Dry-run Option: -d, --dry-run
Inherently, it's nice to know this isn't going to wreak havoc on your AirTable, so if you run tracker -c config.json -d
it will show you what it's going to do but stop short of modifying the AirTable. It will still run on at the frequency you specify. You will need to run with a (#logging-option--l---logging) logging level of verbose to see all the details.
Logging Option: -l, --logging
Specify one of the following levels of logging:
- error
- warn
- info
- http (default)
- verbose
- debug
- silly
No Confirm Option: -nc, --no-confirm
By default the script will stop and confirm before it removes more than 10% of the table (if you don't respond in under a minute then it will assume not), but when run with -nc
it will always delete the records in AirTable.
No Delete Option: -nd, --no-delete
This will perform still insert and update records in AirTable, however will not remove them if they have been deleted in the local file system - handy if you are freeing up space on your local disk by deleting media but still want the reference in AirTable.
Wipe Cache: -w, --wipe-cache
There's a local cache built up in ./db
of the metadata of files so they don't have to keep getting queried via FFMpeg which is a tad computationally expensive, but if you need to rescan all files run with this option.

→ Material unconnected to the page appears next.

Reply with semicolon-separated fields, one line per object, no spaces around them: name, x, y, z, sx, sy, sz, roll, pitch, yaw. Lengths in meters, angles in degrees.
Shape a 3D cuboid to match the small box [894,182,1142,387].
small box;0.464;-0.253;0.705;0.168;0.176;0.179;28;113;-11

Files will already be automatically scanned if they change size or the modified time changed.
Config File
Create the default config as described above, which will generate something like this:
{
"settings": {
"files": {
"rootPath": "/Users/user/Documents/cli-content-tracker",
"dirs": [
"/Users/user/Documents/cli-content-tracker"
],
"frequency": 30,
"rules": {
"dirs": {
"includes": [],
"excludes": []
},
"files": {
"includes": [],
"excludes": [
"/\\.DS_Store$/"
]
}
},
"mediaMetadata": true,
"limitToFirstFile": false,
"concurrency": 100
},
"airtable": {
"api": "",
"base": "",
"foldersID": "",
"filesID": "",
"view": "API"
}
}
}
In general, leave all the parameters in the JSON file, there is some error handling if they're not present but probably for the best to leave everything in there.
config.settings
config.settings.files
This section relates to all the local file scanning. The script in general builds up a list of all the files and folders and here you get a bit of control over that.
config.settings.files.rootPath
In an effort to make the script less dependent on exactly where the files are stored on your computer/where the folder is mounted, this string will be removed from the start of file paths.

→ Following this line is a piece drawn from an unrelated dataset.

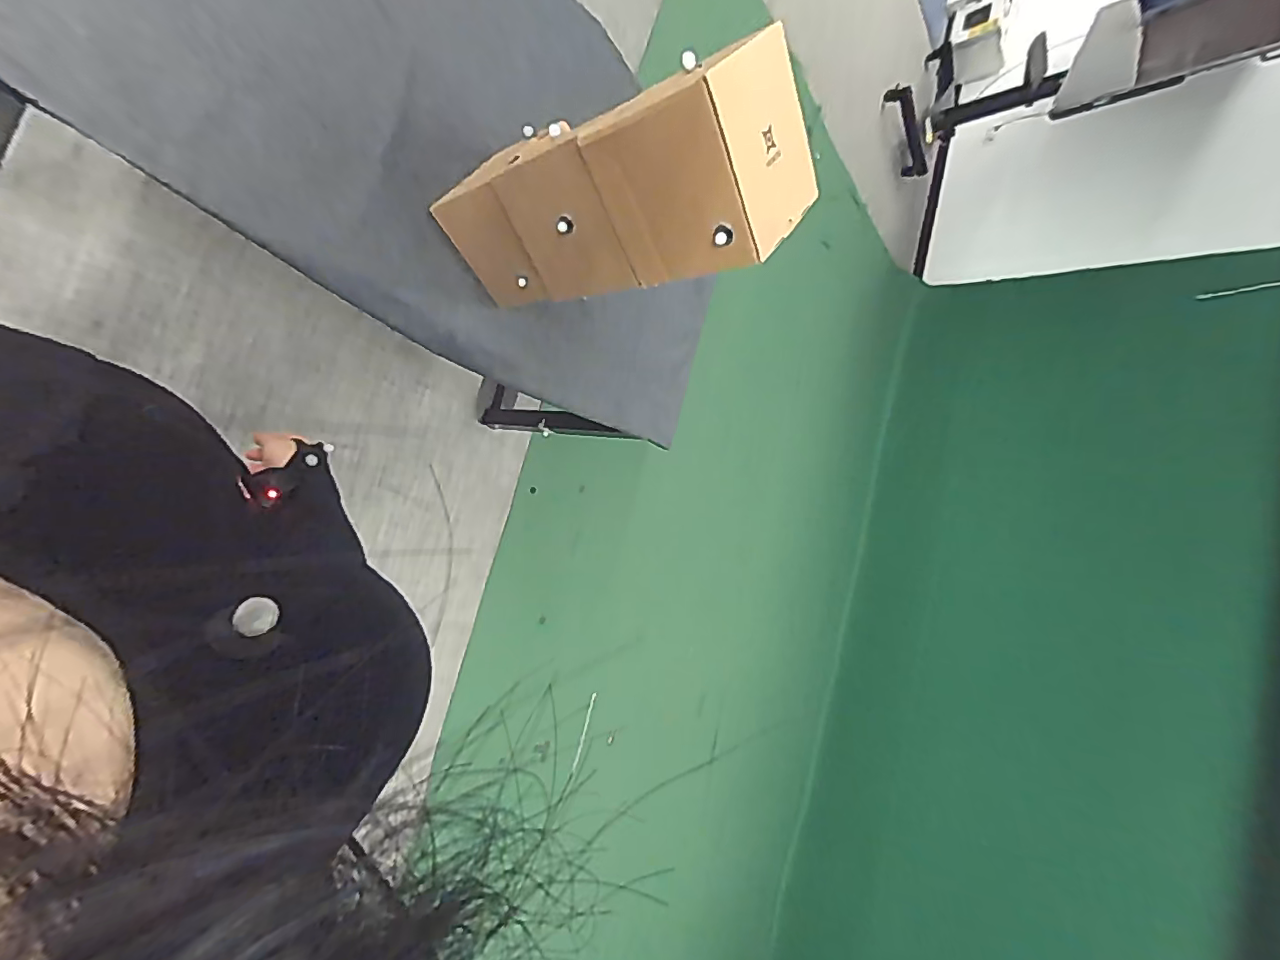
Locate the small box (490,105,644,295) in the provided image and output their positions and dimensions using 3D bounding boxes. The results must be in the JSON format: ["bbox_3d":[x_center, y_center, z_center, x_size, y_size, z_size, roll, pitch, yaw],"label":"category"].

"rootPath": "/Volumes/Suite/Project"
config.settings.files.dirs
Array of irectory to recursively search through, e.g.
"dirs": [ "/Volumes/Suite/Project/Item 1", "/Volumes/Suite/Project/Item 2" ]
config.settings.files.frequency
How often the directory is scanned (in seconds), e.g. if you wanted to scan it every minute:
"frequency": 60
You can also set this to 0
and the script will only run once - this is intended if you want to automate this as part of a cron job.
config.settings.files.rules
So I'll be honest, this is the only slightly faffy bit... but it definitely beats entering them as command-line arguments that was my first plan. The thought process here is you're filtering the paths of the files and folders will get included in the tables which are pushed to AirTable.
Whatever you specify in these fields the script will still have to traverse all of the folders in the directory - if you have specified a pattern like /.*\/Delivery\/.*/
which would match any folder with /Delivery/
in the path, by the nature of the task you're still going to have to search through every folder.
Now the bit that makes it faffy is you have to stringify JS regex patterns, which usually just means escaping the slashes - a handy one to make use of the dry run option. Note you're matching the entire path of the file/folder in both dirs
& files
.
For example, in the example below we're limiting the folders which are stored on AirTable to only be ones that include /05 Delivery/
somewhere in the path, then only including specific image sequence TIFFs:
"rules": {
"dirs": {
"includes": [
"/.*\/05 Delivery\/.*/"
],
"excludes": []
},
"files": {
"includes": [
"/[_.]v\\d{2,3}\\.tif/",
"/[_.]0{4,5}\\.tif/"
],
"excludes": []
}
}
config.settings.files.mediaMetadata
Whether you want to get all the metadata for the media, which will scrape all the fields in the (files with metadata table)[#file-table-with-metadata], e.g.
"mediaMetadata": true
config.settings.files.limitToFirstFile
This works in conjunction with the file rules but limits it to only the first file in each folder, with the intention of finding the first image in sequences, e.g. this just gets the first TIFF file in the deliveries folder:
"rules": {
"dirs": {
"includes": [],
"excludes": []
},
"files": {
"includes": [
"/05_Delivery/.*\\.tif/"
],
"excludes": []
}
},
"mediaMetadata": true,
"limitToFirstFile": true
config.settings.files.concurrency
This limits the number of concurrent file operations, introduced to throttle the load on Suite. If you have a computer with enough RAM and the files are static then this value can be larger, however if it's a weak computer and the files are being streamed you might want to limit this to < 10, e.g.
"concurrency": 1
config.settings.airtable
Once you've setup your AirTable, please configure the following settings:
config.settings.airtable.api
Get your API key from the AirTable Tokens page, it will need the following permissions:
- data.records:read
- data.records:write
Plus access to the workspace where your base is located.
config.settings.airtable.base
You'll need to go to the API page for your base and get the base ID and enter this here, e.g.
"base": "app**************"
config.settings.airtable.foldersID / filesID
Technically you can just put the folders table name here, but on the same page as the base ID you can get the IDs for the tables, then if the table names get updated later it won't affect the script, e.g.
"foldersID": "tbl**************",
"filesID": "tbl**************"
config.settings.airtable.view
This is the view the script compares the local file list against - e.g. you could technically store other items in the table and filter them out in this view; you could have multiple scripts all writing into the same table and filter them out per view (this might be better achieved by writing to multiple tables).
This defaults to a view called API
:
"view": "API"
Development
Clone the repo and run it locally like so:
git clone https://github.com/garethnunns/cli-content-tracker.git
cd cli-content-tracker
npm install
npm link
tracker
You can always npm unlink
this later.
Very welcome to pull requests!